"Un déferlement de haine qui n'a pas de raison", lâche Ibrahima Barry, encore sonné, dans une voiture l'emmenant rejoindre son frère dans la banlieue de Conakry. Le jeune homme de 26 ans s'interrompt, puis reprend: "En Tunisie, si je vous dis qu'ils sont sauvages, le mot n'est pas de trop".
Comme de nombreux migrants subsahariens, sa situation est devenue intenable après le discours du président tunisien Kais Saied appelant à des "mesures urgentes" contre l'immigration clandestine de ces Africains.
Il affirmait que leur présence était source de "violence, de crimes et d'actes inacceptables", et visait à modifier la composition démographique du pays. Un grand nombre des 21.000 migrants originaires d'Afrique subsaharienne recensés officiellement en Tunisie, la plupart en situation irrégulière, ont perdu du jour au lendemain travail et logement.
Les premiers Guinéens rapatriés racontent des scènes d'agression et de chasse à l'homme. Arrivé en Tunisie en 2019 pour aller à l'université grâce à une bourse de l'Etat guinéen, Ibrahima Barry vivait de petits métiers à Gabes, dans le sud-est du pays, dans l'annexe d'une "belle concession".
"J’étais couché quand un ami m’a appelé pour me dire de ne pas sortir, qu’un nationalisme anti-noirs s'était déclenché partout dans le pays après un discours du chef de l’Etat", explique-t-il.
Le lendemain, des voisins se sont introduits chez lui en brisant la porte, lui ordonnant de ne plus faire un geste. Il a dû son salut à son logeur, qui a fait partir les intrus en disant qu'Ibrahima Barry était "à sa disposition, à son compte". Il le conduira ensuite jusqu'au consulat de Tunis, à quelque 400 km.
"Dans mon quartier, les noirs étaient recherchés, pourchassés, violentés et leurs résidences pillées par des Tunisiens", assistés parfois par des agents de police, assure-t-il.
Errance
"Il leur suffisait de voir un noir, même assis devant sa porte ou en ville, pour qu’ils l’attaquent à coups de pierres ou de bâtons C’est un cauchemar que nous avons vécu en Tunisie", dit-il. "Un Africain qui traite comme ça un autre Africain est tout simplement inhumain, sauvage".
Depuis le discours du président Kais Saïed, des centaines de Subsahariens se sont inscrits dans leurs ambassades sur des listes de rapatriement.

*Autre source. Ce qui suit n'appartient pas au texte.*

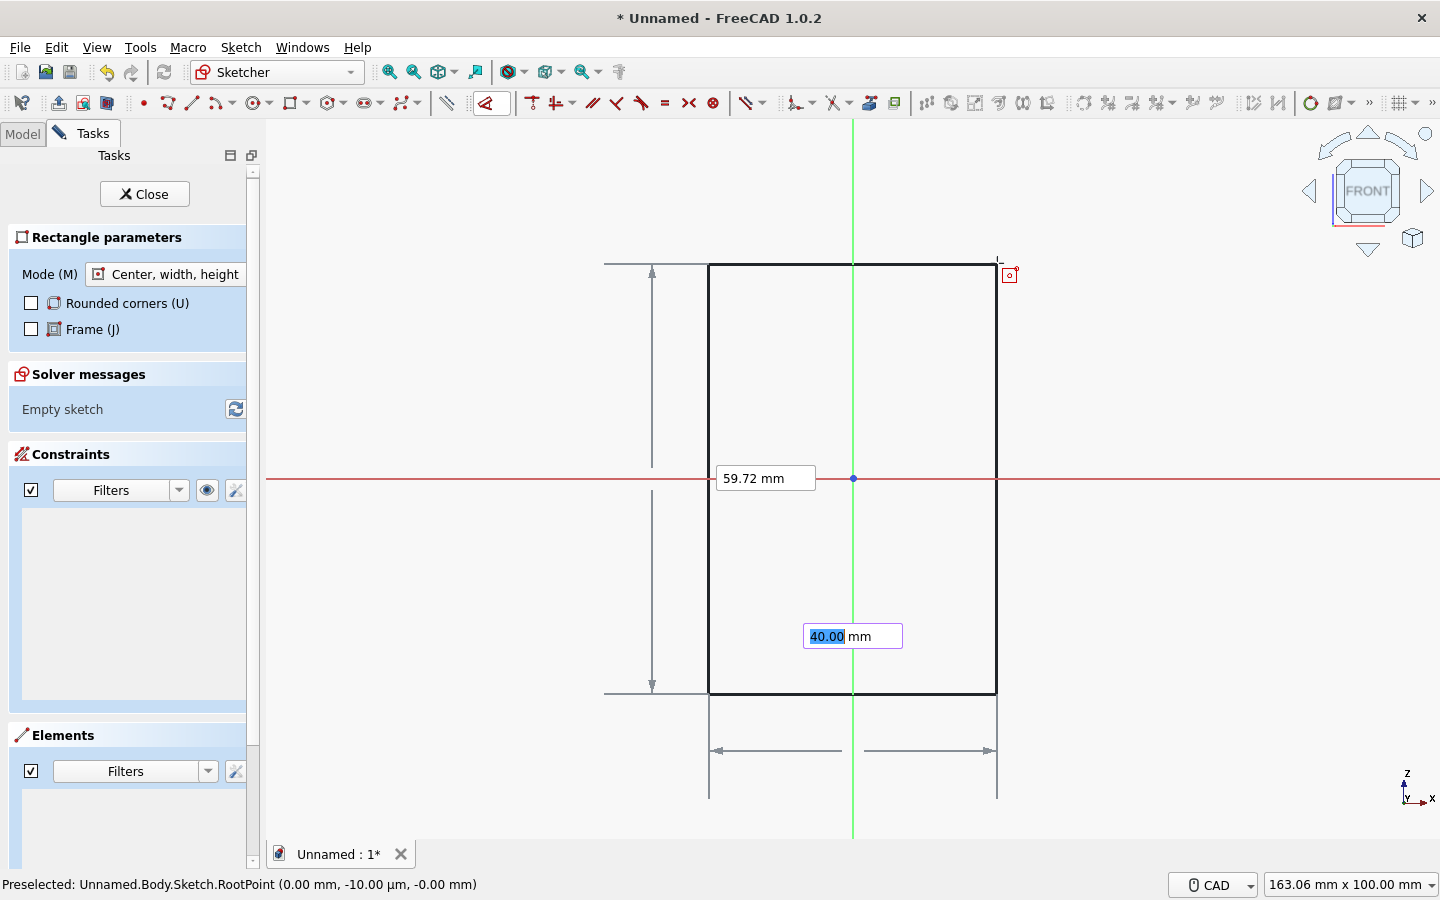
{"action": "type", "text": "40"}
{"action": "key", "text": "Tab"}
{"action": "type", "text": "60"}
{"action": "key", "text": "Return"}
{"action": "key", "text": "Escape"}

La junte guinéenne a été la première à faire rentrer une cinquantaine de ressortissants mercredi soir. Dame Mariama Barry, 27 ans, était dans l'avion avec Ibrahima Barry, avec qui elle n'a aucun lien de parenté. Brisée, elle a tout perdu.
Arrivée en Tunisie en 2022 dans l'espoir de gagner l'Europe, elle travaillait dans un salon de coiffure à Tunis depuis huit mois, "pour survivre". "J’étais obligée de tout accepter, même l’inacceptable", et de supporter le racisme des Tunisiens, affirme-t-elle.
Après le discours du président Kais Saïed, "c’est d’abord ma patronne qui m’a insultée, me traitant de sale nègre, d’aventurière sans origine, de mal fichue... Là j’ai compris qu’il fallait partir, et très vite".
Son quartier était en ébullition, les Africains subsahariens étaient traqués, raconte-t-elle. "Des jeunes m’ont arrêtée, l'un d’entre eux m’a giflée. J'ai demandé pardon, qu'on me laisse partir. Un autre m’a donné un coup de pied dans mes fesses, je suis tombée. On m’a arraché mon sac".
La jeune femme raconte son errance, en larmes dans les rues de Tunis, sans argent, sans téléphone, jusqu'à ce qu'un taxi s'arrête pour l'emmener chez une amie compatriote. Là, elles se barricadent dans un studio, jusqu'à leur départ pour Conakry qui leur permet d'échapper à "une mort programmée", dit-elle.
Dame Mariama Barry et Ibrahima Barry ont fait connaissance dans l'avion. Comme les autres rapatriés, les autorités les ont logés la première nuit dans un hôtel. Une même voiture les emmenait jeudi soir dans la banlieue de Conakry où un frère d'Ibrahima devait le récupérer. Dame Mariama devait retrouver une demi-soeur et leur chemin se séparer là. Aucun des deux ne sait de quoi demain sera fait.